#### INPUT
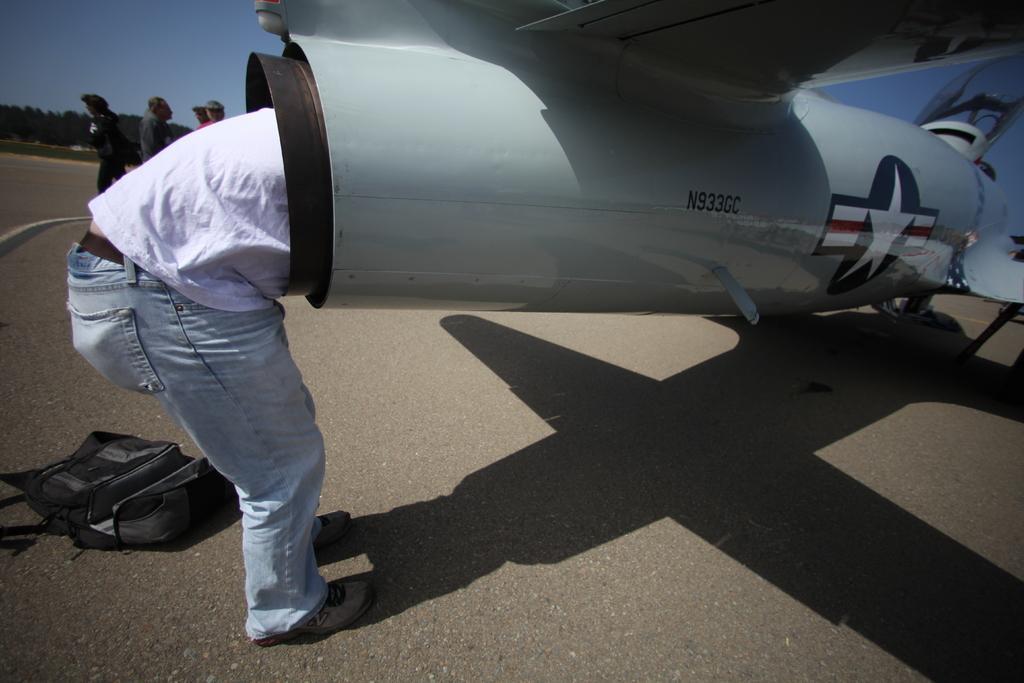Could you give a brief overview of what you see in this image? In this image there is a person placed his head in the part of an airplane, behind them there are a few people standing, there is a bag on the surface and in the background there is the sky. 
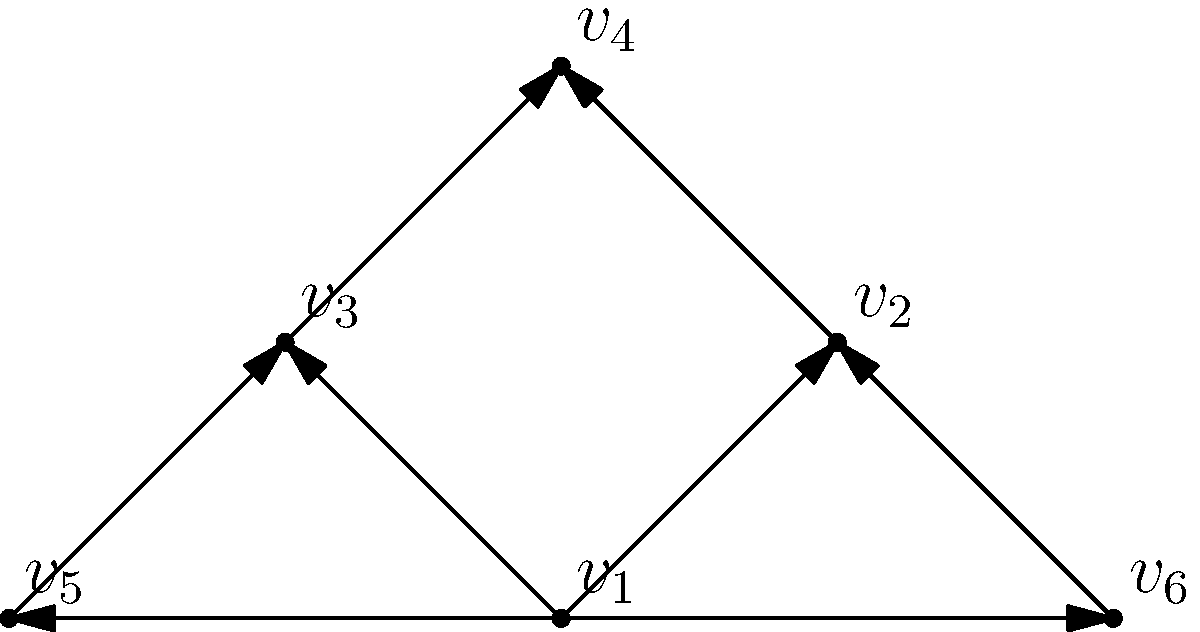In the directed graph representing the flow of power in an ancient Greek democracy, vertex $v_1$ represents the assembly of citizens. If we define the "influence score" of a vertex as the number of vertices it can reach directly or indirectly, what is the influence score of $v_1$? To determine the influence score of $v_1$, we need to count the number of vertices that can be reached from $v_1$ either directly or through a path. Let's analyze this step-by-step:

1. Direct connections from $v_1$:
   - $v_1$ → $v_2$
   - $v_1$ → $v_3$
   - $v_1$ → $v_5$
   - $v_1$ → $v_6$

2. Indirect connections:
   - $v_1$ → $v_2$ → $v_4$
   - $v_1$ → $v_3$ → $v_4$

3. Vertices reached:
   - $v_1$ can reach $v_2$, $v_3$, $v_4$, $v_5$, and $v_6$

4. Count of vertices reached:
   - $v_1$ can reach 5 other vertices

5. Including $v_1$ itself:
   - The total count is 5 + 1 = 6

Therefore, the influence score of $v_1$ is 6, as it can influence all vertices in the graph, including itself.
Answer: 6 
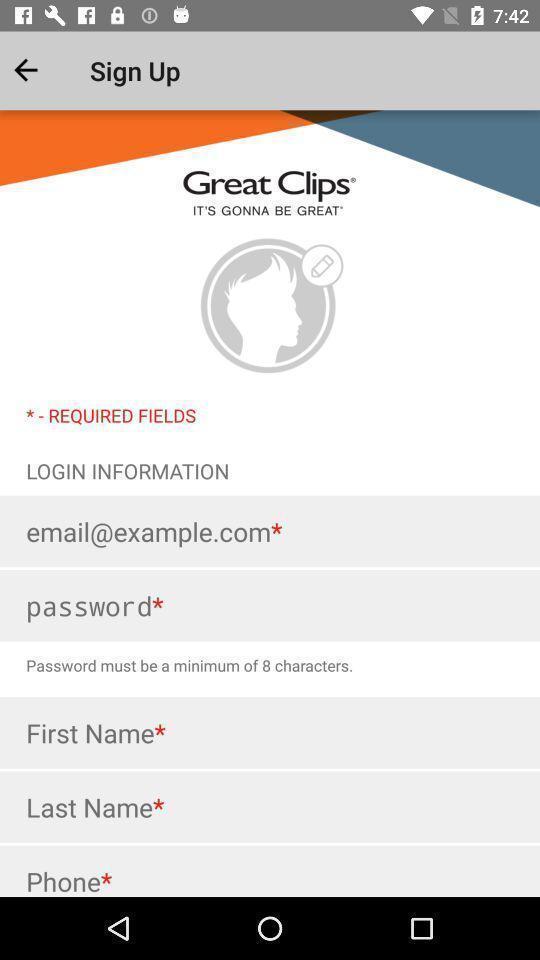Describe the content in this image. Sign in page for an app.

#### YOUR GOAL
Repeat verbatim the lines from the one with "4. Count of" through the end of the listing above. Include both ends, add nothing, and exclude the pictures.

#### COMPLETED TASK
4. Count of vertices reached:
   - $v_1$ can reach 5 other vertices

5. Including $v_1$ itself:
   - The total count is 5 + 1 = 6

Therefore, the influence score of $v_1$ is 6, as it can influence all vertices in the graph, including itself.
Answer: 6 
Describe the content in this image. Sign in page for an app.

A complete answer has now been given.